Hard-Brexit Conservative MPs reject the so-called backstop, aimed at keeping the border open on the island of Ireland even if the two sides cannot agree on a new trade deal before December 2020. The EU side has repeatedly said it does not believe any technology solution is available to keep the new EU/UK border open.

The free-trade Brexiteers, meanwhile, are worried that the backstop, which keeps the UK in the EU's customs union, could trap Britain tied to the bloc indefinitely, a fear the EU has insisted is unfounded.

May sought to renegotiate the deal over the backstop, while the EU, which has insisted that the deal cannot be reopened, have been growing frustrated with the British premier's failure to muster majority support in parliament for the deal her negotiators struck.

Nothing on substance has changed on that after May's Thursday visit, as renegotiation is still off the table, but the EU's openness will enable May to show in London, she can possibly achieve more with the EU-27.

May will return to the House of Commons on 14 February for a Brexit debate, but lawmakers will only try to vote again on the deal later in the month.

EU council chief Donald Tusk, who a day before the visit envisaged a "special place in hell" for those who campaigned for Brexit without a proper plan, also met with May on Thursday.

"Still no breakthrough in sight.

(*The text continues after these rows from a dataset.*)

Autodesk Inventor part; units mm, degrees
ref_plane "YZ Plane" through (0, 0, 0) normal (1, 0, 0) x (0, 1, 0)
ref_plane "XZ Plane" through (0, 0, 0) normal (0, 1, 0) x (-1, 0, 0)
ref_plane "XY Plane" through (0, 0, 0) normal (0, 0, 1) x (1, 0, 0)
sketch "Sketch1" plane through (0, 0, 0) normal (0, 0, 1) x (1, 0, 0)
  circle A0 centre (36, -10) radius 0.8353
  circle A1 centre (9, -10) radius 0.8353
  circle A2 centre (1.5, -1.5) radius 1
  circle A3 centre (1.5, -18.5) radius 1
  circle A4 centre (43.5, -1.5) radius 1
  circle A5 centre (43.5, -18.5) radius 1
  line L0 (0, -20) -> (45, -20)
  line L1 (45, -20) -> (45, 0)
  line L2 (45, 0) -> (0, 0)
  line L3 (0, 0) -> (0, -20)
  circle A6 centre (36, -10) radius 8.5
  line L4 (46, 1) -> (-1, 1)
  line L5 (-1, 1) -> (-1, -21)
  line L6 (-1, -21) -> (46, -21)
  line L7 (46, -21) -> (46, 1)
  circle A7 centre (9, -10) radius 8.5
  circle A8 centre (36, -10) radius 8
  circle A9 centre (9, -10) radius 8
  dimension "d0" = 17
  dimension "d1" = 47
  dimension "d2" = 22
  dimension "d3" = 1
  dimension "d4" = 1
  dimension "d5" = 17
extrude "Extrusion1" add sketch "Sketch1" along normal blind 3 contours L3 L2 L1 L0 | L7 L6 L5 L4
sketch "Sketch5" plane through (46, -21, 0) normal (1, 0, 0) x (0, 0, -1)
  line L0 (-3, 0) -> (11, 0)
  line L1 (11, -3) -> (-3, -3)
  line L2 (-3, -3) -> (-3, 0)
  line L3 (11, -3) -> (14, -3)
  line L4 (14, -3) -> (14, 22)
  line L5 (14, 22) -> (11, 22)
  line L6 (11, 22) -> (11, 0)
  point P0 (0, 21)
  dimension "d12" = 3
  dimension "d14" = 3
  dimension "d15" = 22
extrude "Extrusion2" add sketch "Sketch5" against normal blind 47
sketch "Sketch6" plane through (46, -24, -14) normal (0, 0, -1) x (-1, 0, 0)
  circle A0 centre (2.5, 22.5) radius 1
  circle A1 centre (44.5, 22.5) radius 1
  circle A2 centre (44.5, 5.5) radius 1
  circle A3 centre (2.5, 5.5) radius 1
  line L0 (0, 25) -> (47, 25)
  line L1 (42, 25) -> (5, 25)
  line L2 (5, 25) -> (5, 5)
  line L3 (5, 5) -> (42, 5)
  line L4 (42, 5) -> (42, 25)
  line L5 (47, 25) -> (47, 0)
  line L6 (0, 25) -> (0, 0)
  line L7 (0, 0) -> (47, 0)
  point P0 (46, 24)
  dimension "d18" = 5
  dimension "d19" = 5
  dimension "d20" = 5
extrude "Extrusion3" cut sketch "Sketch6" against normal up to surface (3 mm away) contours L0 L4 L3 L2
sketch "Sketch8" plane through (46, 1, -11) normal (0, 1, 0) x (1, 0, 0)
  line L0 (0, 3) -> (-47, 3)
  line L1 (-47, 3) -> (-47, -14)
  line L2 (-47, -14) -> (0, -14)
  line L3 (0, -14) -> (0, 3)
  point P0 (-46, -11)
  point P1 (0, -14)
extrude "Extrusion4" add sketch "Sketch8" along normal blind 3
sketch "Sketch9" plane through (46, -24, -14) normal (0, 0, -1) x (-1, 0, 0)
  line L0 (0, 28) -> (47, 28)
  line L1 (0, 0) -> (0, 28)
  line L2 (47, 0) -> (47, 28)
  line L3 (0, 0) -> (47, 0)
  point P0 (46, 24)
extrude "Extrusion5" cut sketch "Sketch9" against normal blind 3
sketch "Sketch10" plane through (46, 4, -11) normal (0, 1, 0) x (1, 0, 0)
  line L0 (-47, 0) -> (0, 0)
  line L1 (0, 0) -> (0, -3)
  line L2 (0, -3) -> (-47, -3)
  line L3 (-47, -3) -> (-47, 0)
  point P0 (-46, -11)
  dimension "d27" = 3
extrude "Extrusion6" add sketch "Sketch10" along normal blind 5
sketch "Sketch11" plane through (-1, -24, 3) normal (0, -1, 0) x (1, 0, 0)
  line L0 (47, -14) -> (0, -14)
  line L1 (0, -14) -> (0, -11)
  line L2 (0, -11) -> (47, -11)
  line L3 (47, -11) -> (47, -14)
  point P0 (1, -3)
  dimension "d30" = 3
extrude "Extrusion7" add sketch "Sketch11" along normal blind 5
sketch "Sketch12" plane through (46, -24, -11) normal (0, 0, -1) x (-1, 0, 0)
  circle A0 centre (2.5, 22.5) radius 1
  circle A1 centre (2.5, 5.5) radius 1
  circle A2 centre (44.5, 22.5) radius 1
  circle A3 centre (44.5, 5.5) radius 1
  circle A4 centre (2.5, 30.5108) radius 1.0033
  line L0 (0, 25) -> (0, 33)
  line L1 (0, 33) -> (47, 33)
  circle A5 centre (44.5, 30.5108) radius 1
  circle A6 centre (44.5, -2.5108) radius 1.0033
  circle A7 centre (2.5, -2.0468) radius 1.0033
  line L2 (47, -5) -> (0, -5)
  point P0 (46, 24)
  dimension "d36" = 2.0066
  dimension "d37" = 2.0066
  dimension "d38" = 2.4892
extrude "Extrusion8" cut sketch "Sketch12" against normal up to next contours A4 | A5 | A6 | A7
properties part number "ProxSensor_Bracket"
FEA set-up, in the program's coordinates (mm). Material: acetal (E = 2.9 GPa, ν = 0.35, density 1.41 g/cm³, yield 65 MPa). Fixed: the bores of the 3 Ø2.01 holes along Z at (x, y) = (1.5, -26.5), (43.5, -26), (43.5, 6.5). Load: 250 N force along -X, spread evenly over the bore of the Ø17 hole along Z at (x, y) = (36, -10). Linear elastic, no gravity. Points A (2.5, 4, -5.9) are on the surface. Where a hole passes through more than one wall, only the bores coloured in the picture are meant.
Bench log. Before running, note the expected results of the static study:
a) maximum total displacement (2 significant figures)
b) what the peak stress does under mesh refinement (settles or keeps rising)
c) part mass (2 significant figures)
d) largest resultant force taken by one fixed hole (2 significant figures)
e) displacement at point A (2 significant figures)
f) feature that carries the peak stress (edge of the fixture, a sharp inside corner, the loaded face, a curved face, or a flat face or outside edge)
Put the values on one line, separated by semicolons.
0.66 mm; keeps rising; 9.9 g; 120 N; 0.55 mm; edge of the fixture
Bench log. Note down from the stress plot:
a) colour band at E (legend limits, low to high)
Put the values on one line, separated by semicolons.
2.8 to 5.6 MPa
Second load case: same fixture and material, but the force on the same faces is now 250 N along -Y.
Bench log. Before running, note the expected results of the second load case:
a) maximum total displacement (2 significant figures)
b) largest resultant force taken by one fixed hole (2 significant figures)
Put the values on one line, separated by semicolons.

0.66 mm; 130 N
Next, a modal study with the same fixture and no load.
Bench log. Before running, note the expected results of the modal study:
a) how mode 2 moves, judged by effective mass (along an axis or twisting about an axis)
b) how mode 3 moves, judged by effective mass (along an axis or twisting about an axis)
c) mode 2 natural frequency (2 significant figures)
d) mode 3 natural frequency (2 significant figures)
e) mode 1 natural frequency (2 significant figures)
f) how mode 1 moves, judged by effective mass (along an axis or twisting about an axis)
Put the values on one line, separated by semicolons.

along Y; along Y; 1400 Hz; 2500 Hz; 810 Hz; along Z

Talks will continue," Tusk merely tweeted later.

More-binding declaration?

The European Parliament's Brexit coordinator Guy Verhofstadt hinted after meeting with May that the EU could see the political declaration become more legally-binding.

"If there are problems with this backstop our proposal is to try and solve them in the political declaration. We're open to upgrade the political declaration to make it more binding, more precise," the Belgian MEP said, who added that May said she did not want to remove the backstop from the deal.

Offering to have a closer relationship with the EU in the political declaration to please enough Labour MPs to vote for the deal with May could be one possible way out of the conundrum, repeatedly on offer by the EU.

In a letter to May, Labour leader Jeremy Corbyn on Wednesday set out five conditions for Labour to support a deal, including a "permanent and comprehensive" customs union with the EU, which so far May has ruled out because of her hardline backbench MPs.

'Weeks from economic and human catastrophe'

Unless the UK parliament approves a deal, Britain is on course to leave the EU on March 29 without the envisaged two-year transition period in place, a scenario that many businesses say would be catastrophic.

"We are very concerned. We're weeks from an economic and human catastrophe. This is the reality of a no-deal Brexit. It would be a very dangerous solution," European Parliament president Antonio Tajani said after meeting May.

May insisted she can get the "legally-binding changes" to the Brexit deal that parliament wants.

"I am going to deliver Brexit, I'm going to deliver it on time," May told journalists before leaving Brussels.